Electrical Muscle Stimulation Accelerates Functional Recovery After Nerve Injury

Abstract

Electrical muscle stimulation has been demonstrated to facilitate nerve regeneration and functional recovery, but the underlying mechanism remains only partially understood. In this study, we investigated the positive effect of electrical muscle stimulation following nerve injury and its molecular mechanisms of autophagy regulation. The sciatic nerves of Sprague-Dawley rats were transected and immediately repaired. Gastrocnemius muscles were electrically stimulated using surface electrodes. Motor functional recovery was assessed by gait analysis, nerve conduction examination and histological appearance of the target muscle.
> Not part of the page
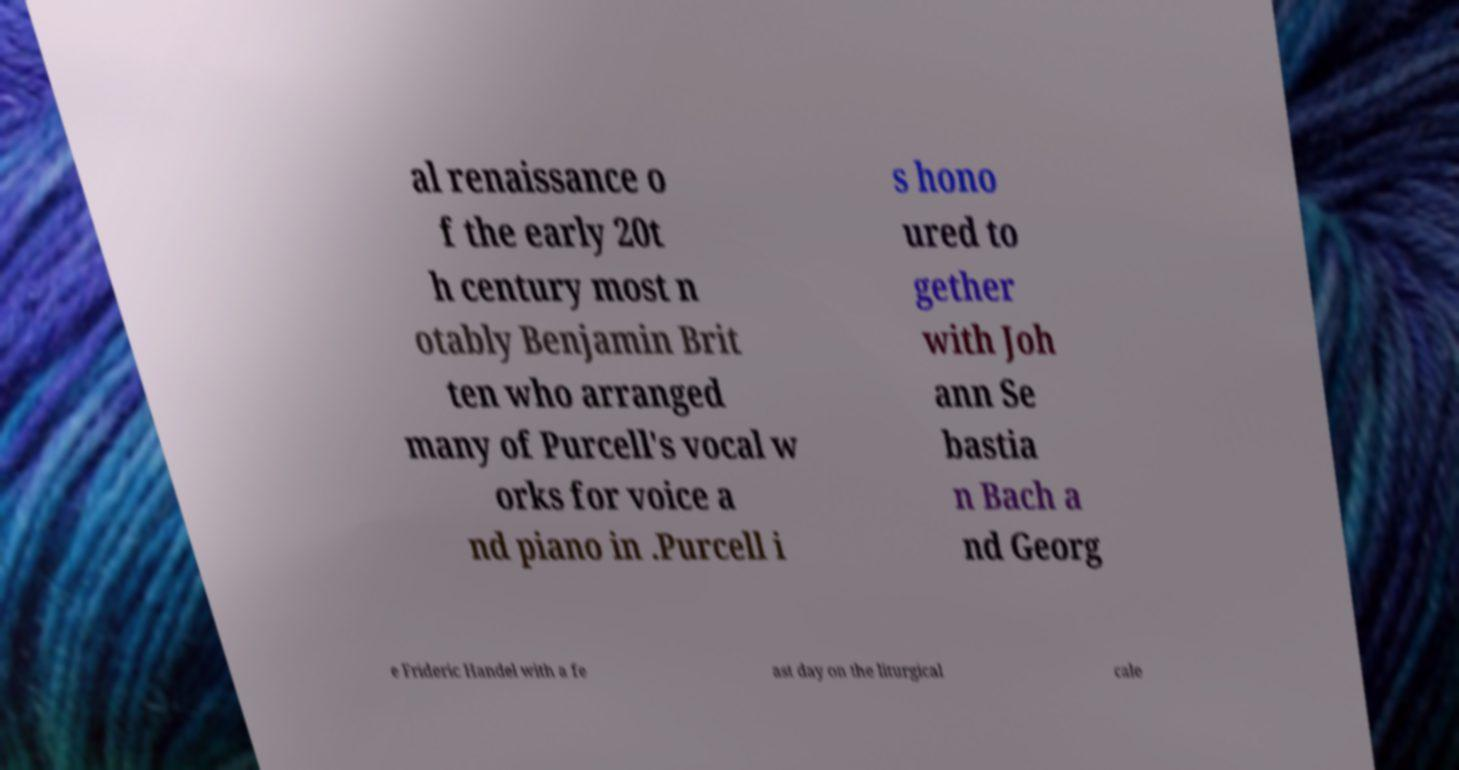Could you assist in decoding the text presented in this image and type it out clearly? al renaissance o f the early 20t h century most n otably Benjamin Brit ten who arranged many of Purcell's vocal w orks for voice a nd piano in .Purcell i s hono ured to gether with Joh ann Se bastia n Bach a nd Georg e Frideric Handel with a fe ast day on the liturgical cale 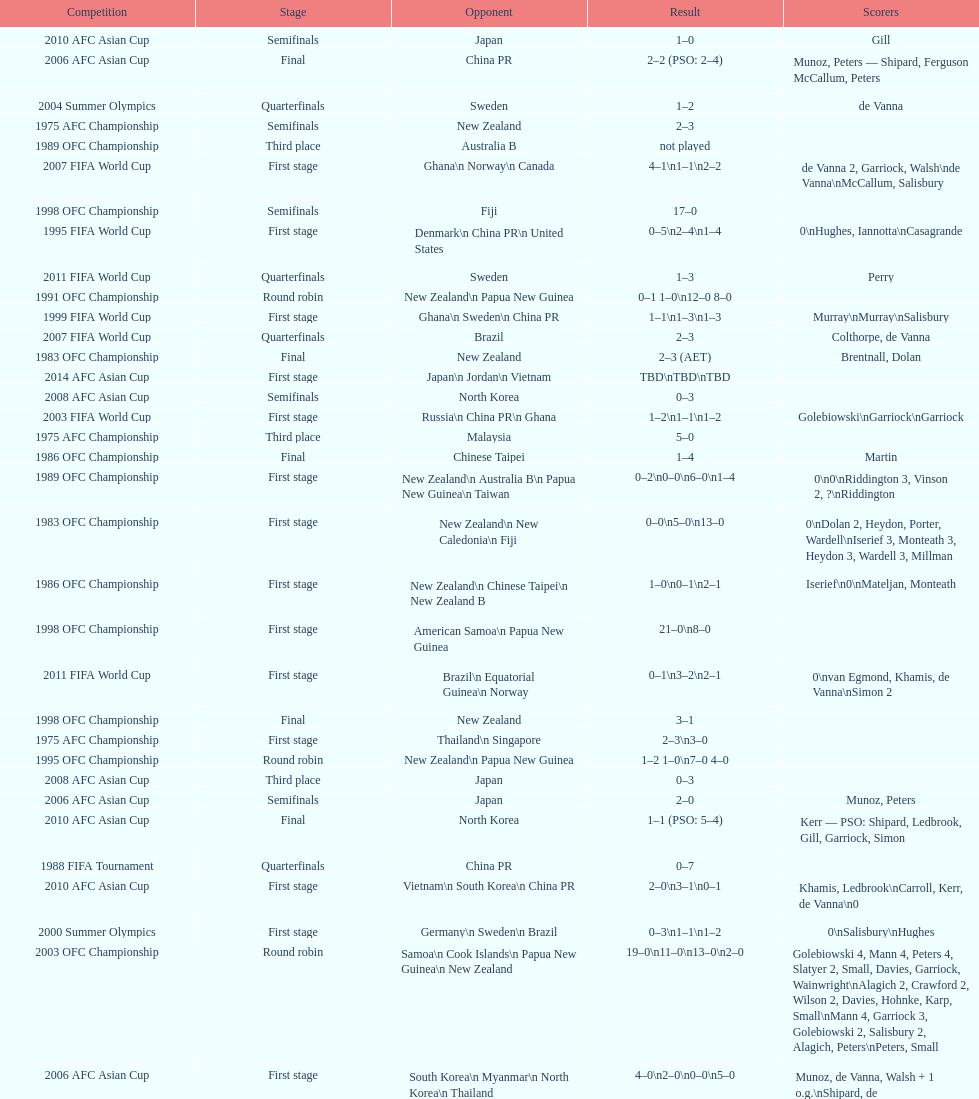How many points were scored in the final round of the 2012 summer olympics afc qualification? 12. Can you parse all the data within this table? {'header': ['Competition', 'Stage', 'Opponent', 'Result', 'Scorers'], 'rows': [['2010 AFC Asian Cup', 'Semifinals', 'Japan', '1–0', 'Gill'], ['2006 AFC Asian Cup', 'Final', 'China PR', '2–2 (PSO: 2–4)', 'Munoz, Peters — Shipard, Ferguson McCallum, Peters'], ['2004 Summer Olympics', 'Quarterfinals', 'Sweden', '1–2', 'de Vanna'], ['1975 AFC Championship', 'Semifinals', 'New Zealand', '2–3', ''], ['1989 OFC Championship', 'Third place', 'Australia B', 'not played', ''], ['2007 FIFA World Cup', 'First stage', 'Ghana\\n\xa0Norway\\n\xa0Canada', '4–1\\n1–1\\n2–2', 'de Vanna 2, Garriock, Walsh\\nde Vanna\\nMcCallum, Salisbury'], ['1998 OFC Championship', 'Semifinals', 'Fiji', '17–0', ''], ['1995 FIFA World Cup', 'First stage', 'Denmark\\n\xa0China PR\\n\xa0United States', '0–5\\n2–4\\n1–4', '0\\nHughes, Iannotta\\nCasagrande'], ['2011 FIFA World Cup', 'Quarterfinals', 'Sweden', '1–3', 'Perry'], ['1991 OFC Championship', 'Round robin', 'New Zealand\\n\xa0Papua New Guinea', '0–1 1–0\\n12–0 8–0', ''], ['1999 FIFA World Cup', 'First stage', 'Ghana\\n\xa0Sweden\\n\xa0China PR', '1–1\\n1–3\\n1–3', 'Murray\\nMurray\\nSalisbury'], ['2007 FIFA World Cup', 'Quarterfinals', 'Brazil', '2–3', 'Colthorpe, de Vanna'], ['1983 OFC Championship', 'Final', 'New Zealand', '2–3 (AET)', 'Brentnall, Dolan'], ['2014 AFC Asian Cup', 'First stage', 'Japan\\n\xa0Jordan\\n\xa0Vietnam', 'TBD\\nTBD\\nTBD', ''], ['2008 AFC Asian Cup', 'Semifinals', 'North Korea', '0–3', ''], ['2003 FIFA World Cup', 'First stage', 'Russia\\n\xa0China PR\\n\xa0Ghana', '1–2\\n1–1\\n1–2', 'Golebiowski\\nGarriock\\nGarriock'], ['1975 AFC Championship', 'Third place', 'Malaysia', '5–0', ''], ['1986 OFC Championship', 'Final', 'Chinese Taipei', '1–4', 'Martin'], ['1989 OFC Championship', 'First stage', 'New Zealand\\n Australia B\\n\xa0Papua New Guinea\\n\xa0Taiwan', '0–2\\n0–0\\n6–0\\n1–4', '0\\n0\\nRiddington 3, Vinson 2,\xa0?\\nRiddington'], ['1983 OFC Championship', 'First stage', 'New Zealand\\n\xa0New Caledonia\\n\xa0Fiji', '0–0\\n5–0\\n13–0', '0\\nDolan 2, Heydon, Porter, Wardell\\nIserief 3, Monteath 3, Heydon 3, Wardell 3, Millman'], ['1986 OFC Championship', 'First stage', 'New Zealand\\n\xa0Chinese Taipei\\n New Zealand B', '1–0\\n0–1\\n2–1', 'Iserief\\n0\\nMateljan, Monteath'], ['1998 OFC Championship', 'First stage', 'American Samoa\\n\xa0Papua New Guinea', '21–0\\n8–0', ''], ['2011 FIFA World Cup', 'First stage', 'Brazil\\n\xa0Equatorial Guinea\\n\xa0Norway', '0–1\\n3–2\\n2–1', '0\\nvan Egmond, Khamis, de Vanna\\nSimon 2'], ['1998 OFC Championship', 'Final', 'New Zealand', '3–1', ''], ['1975 AFC Championship', 'First stage', 'Thailand\\n\xa0Singapore', '2–3\\n3–0', ''], ['1995 OFC Championship', 'Round robin', 'New Zealand\\n\xa0Papua New Guinea', '1–2 1–0\\n7–0 4–0', ''], ['2008 AFC Asian Cup', 'Third place', 'Japan', '0–3', ''], ['2006 AFC Asian Cup', 'Semifinals', 'Japan', '2–0', 'Munoz, Peters'], ['2010 AFC Asian Cup', 'Final', 'North Korea', '1–1 (PSO: 5–4)', 'Kerr — PSO: Shipard, Ledbrook, Gill, Garriock, Simon'], ['1988 FIFA Tournament', 'Quarterfinals', 'China PR', '0–7', ''], ['2010 AFC Asian Cup', 'First stage', 'Vietnam\\n\xa0South Korea\\n\xa0China PR', '2–0\\n3–1\\n0–1', 'Khamis, Ledbrook\\nCarroll, Kerr, de Vanna\\n0'], ['2000 Summer Olympics', 'First stage', 'Germany\\n\xa0Sweden\\n\xa0Brazil', '0–3\\n1–1\\n1–2', '0\\nSalisbury\\nHughes'], ['2003 OFC Championship', 'Round robin', 'Samoa\\n\xa0Cook Islands\\n\xa0Papua New Guinea\\n\xa0New Zealand', '19–0\\n11–0\\n13–0\\n2–0', 'Golebiowski 4, Mann 4, Peters 4, Slatyer 2, Small, Davies, Garriock, Wainwright\\nAlagich 2, Crawford 2, Wilson 2, Davies, Hohnke, Karp, Small\\nMann 4, Garriock 3, Golebiowski 2, Salisbury 2, Alagich, Peters\\nPeters, Small'], ['2006 AFC Asian Cup', 'First stage', 'South Korea\\n\xa0Myanmar\\n\xa0North Korea\\n\xa0Thailand', '4–0\\n2–0\\n0–0\\n5–0', 'Munoz, de Vanna, Walsh + 1 o.g.\\nShipard, de Vanna\\n0\\nBurgess, Ferguson, Gill, de Vanna, Walsh'], ['2008 AFC Asian Cup', 'First stage', 'Chinese Taipei\\n\xa0South Korea\\n\xa0Japan', '4–0\\n2–0', 'Garriock 2, Tristram, de Vanna\\nPerry, de Vanna\\nPolkinghorne'], ['2004 Summer Olympics', 'First stage', 'Brazil\\n\xa0Greece\\n\xa0United States', '0–1\\n1–0\\n1–1', '0\\nGarriock\\nPeters'], ['2012 Summer Olympics\\nAFC qualification', 'Final round', 'North Korea\\n\xa0Thailand\\n\xa0Japan\\n\xa0China PR\\n\xa0South Korea', '0–1\\n5–1\\n0–1\\n1–0\\n2–1', '0\\nHeyman 2, Butt, van Egmond, Simon\\n0\\nvan Egmond\\nButt, de Vanna'], ['1988 FIFA Tournament', 'First stage', 'Brazil\\n\xa0Thailand\\n\xa0Norway', '1–0\\n3–0\\n0–3', '']]}

Axon regeneration was investigated by morphometric analysis. Western blotting and immunofluorescence staining were used to detect the expression of molecular biological changes in distal nerve stump. Ultrastructural features of the nerve were evaluated by transmission electron microscope. We found that axon regeneration and motor functional recovery were improved by electrical muscle stimulation. The number of autophagosomes and the expression of autophagy marker LC3-Ⅱ in distal nerve stump were increased while the level of autophagy substrate protein P62 was decreased following electrical muscle stimulation. Blockage of the autophagy flux by chloroquine (CQ) diminished the positive effect of electrical muscle stimulation on nerve injury. These results illustrated that electrical muscle stimulation accelerates axon regeneration and functional recovery through promoting autophagy flux in distal nerve segments following nerve injury and immediate repair (IR) by a so far unknown mechanism.

Keywords: autophagy; axon regeneration; electrical stimulation; functional recovery; nerve regeneration; peripheral nerve injuries.